The strict rule system can also divide players. Realism is clearly the goal, but some penalties feel overly harsh. A small mistake can sometimes end a long mission instantly, which can be discouraging for players still learning the controls. A more forgiving option or adjustable difficulty settings could have helped the game appeal to a wider audience.

A Solid Driving Lesson

Car Simulator: Driving School is a surprisingly thoughtful driving simulator that finds entertainment in places many games overlook. It recognises that there is satisfaction in completing a perfect parking manoeuvre, smoothly navigating a busy intersection, or finishing a route without a single mistake.

SC Ovilex Soft has created a game with a clear identity. It does not aim to compete with arcade racers or blockbuster open-world driving experiences. Instead, it offers a slower, more disciplined approach that will appeal to players who enjoy simulation and progression.
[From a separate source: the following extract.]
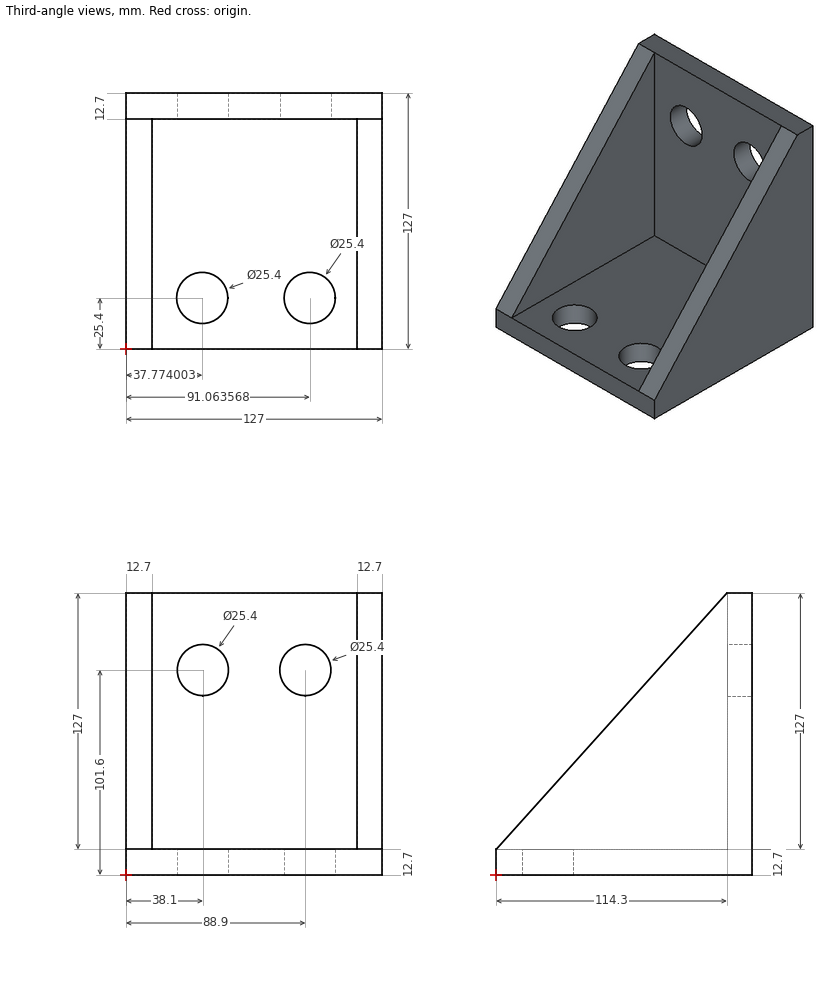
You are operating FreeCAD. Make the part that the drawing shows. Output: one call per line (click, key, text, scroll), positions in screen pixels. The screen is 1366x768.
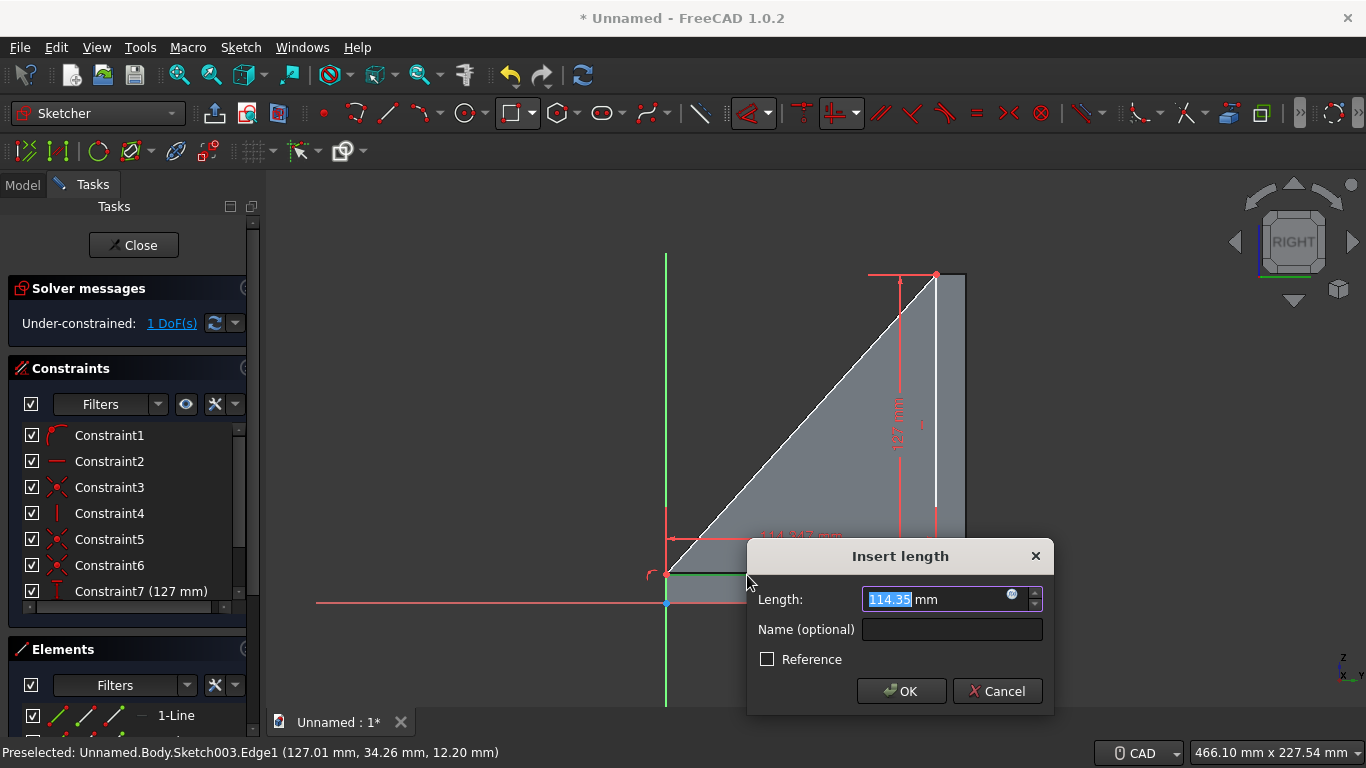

The limited visual polish and basic world design prevent it from reaching the highest level of driving simulators, but the sheer volume of content and the satisfying vehicle progression system help it overcome many of those shortcomings. There is something genuinely rewarding about starting with a simple car and gradually building a garage full of vehicles while improving your driving skills.

For players seeking a technical driving experience rather than a traditional racing game, Car Simulator: Driving School offers a worthwhile journey. It may not be the most glamorous ride, but it delivers a surprisingly enjoyable lesson in patience, precision, and the simple pleasure of getting behind the wheel.